もうひとつは、スキー場は巨大集客装置という側面もあること。都市部から1シーズン13万人くらいを集客しているので、ひとつのハブになっていると。都市部から来る人にエリアの素晴らしい魅力を伝えることもできるし、都市部の人からは『いまの時代は地域としてこうしたほうがいい』といったアイデアをもらえたり。スキー場は人と可能性のミートポイントになる。そういう役割もあると思います」。
澤さんは、実は関東鋼索交通協会会長、日本鋼索交通協会の副会長というポジションで、スキー場のリフトやゴンドラなどの索道事業にも深く関わっている。サステナブル化への取り組みもすべて安全が基盤にあってこそ。安全が揺らげばなにをどう積み上げていっても一瞬で壊れてしまう。

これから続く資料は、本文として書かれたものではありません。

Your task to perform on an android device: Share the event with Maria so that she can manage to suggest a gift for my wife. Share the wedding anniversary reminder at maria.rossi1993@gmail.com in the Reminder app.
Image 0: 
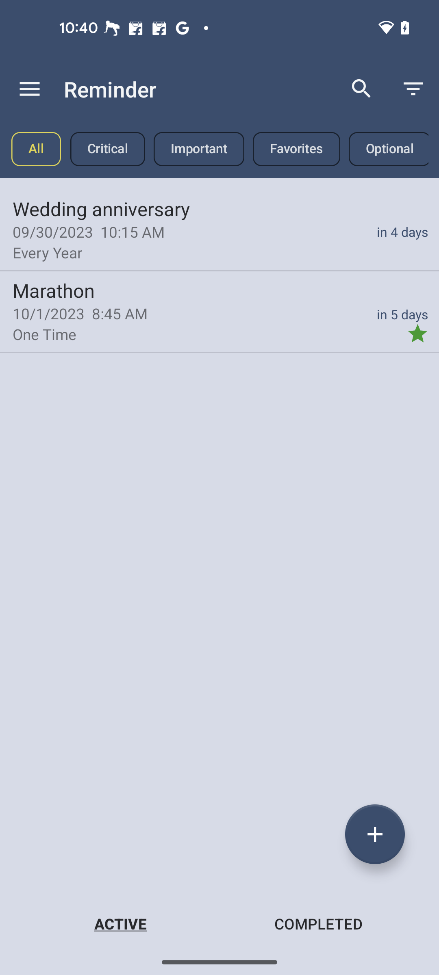
Click on the Wedding anniversary reminder
Step 0: click (98, 208)
Image 1: 
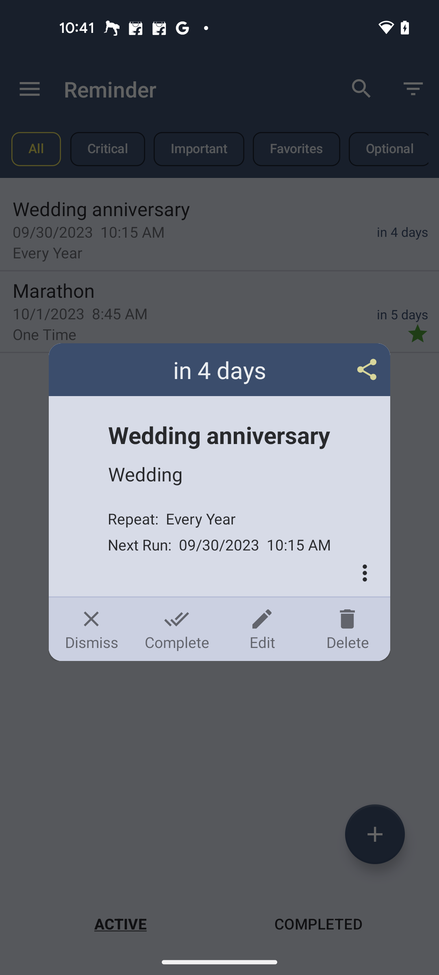
Click on the share button at the top right corner of the pop up
Step 1: click (219, 369)
Image 2: 
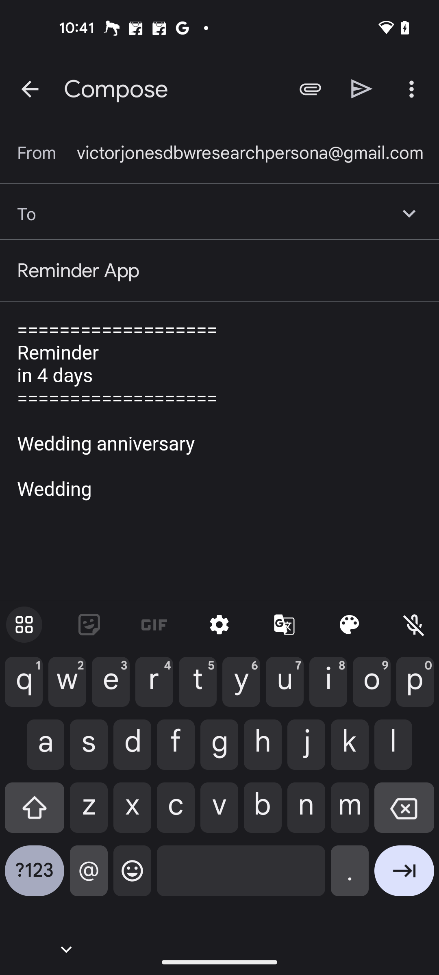
Type maria.rossi1993@gmail.com as the recipient mail id
Step 2: type "maria.rossi1993@gmail.com"
Image 3: 
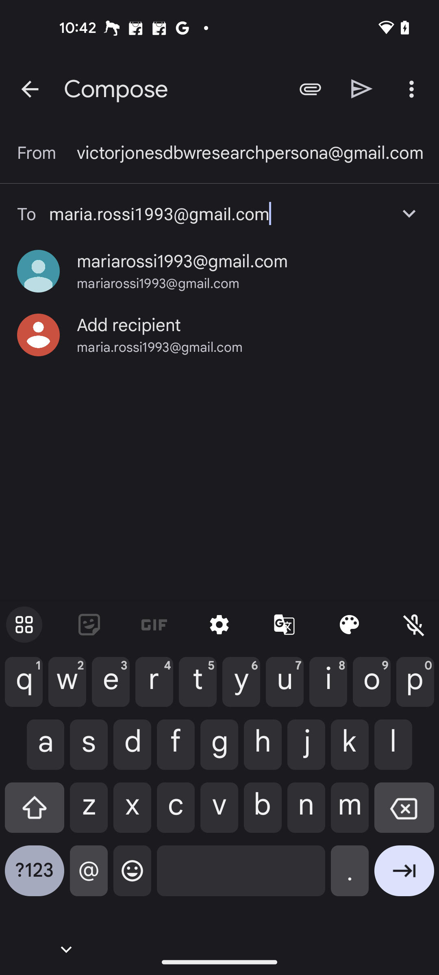
Click on the Add recipient option
Step 3: click (160, 347)
Image 4: 
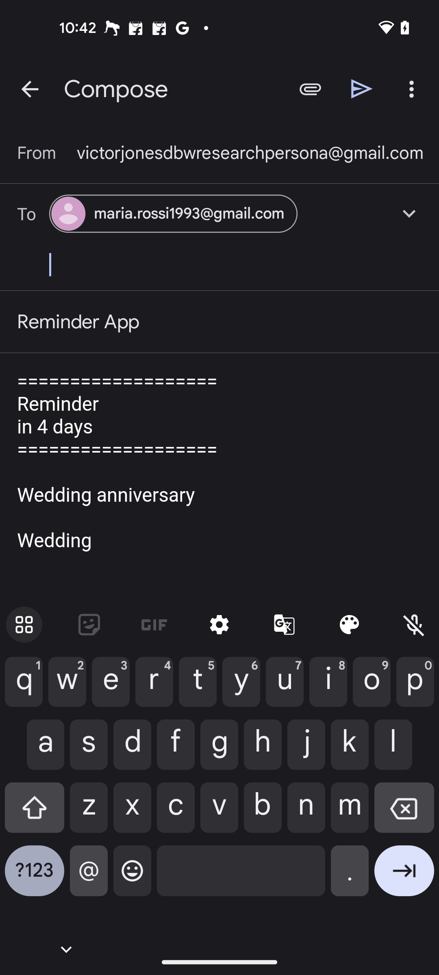
Click on the send button 
Step 4: click (362, 89)

雪山で安心して気持ち良く、いつまでも滑り続けることができるよう、様々な関係者が努力や工夫を重ねて支えてくれている。滑り手として感謝を込めて、次はグリーンなスキー場を訪れてみてはどうだろう。もしもまだ片品エリアに滑りに行ったことがないならば、ぜひ尾瀬国立公園のキャットスキーを体験してみては!
教えてくれた人
澤 生道さん
Sawa Shodo
大都開発株式会社
代表取締役
1982年生まれ。青山学院大学法学部卒。その後カナダの大学で観光学を学ぶ。在学中にイギリスに本社のある旅行代理店会社に籍を置き、スイスにてガイド業に従事。帰国後、星野リゾートにてマーケティング、社長アシスタント、ホテルフロント責任者として従事。
現在は中小企業の代表取締役という立場でマーケティングから組織運営、そして財務戦略を実行し、エリア内で協力しながら同スキー場をマウンテンリゾートに進化させ、より魅力的な場所になるよう日々取り組んでいる。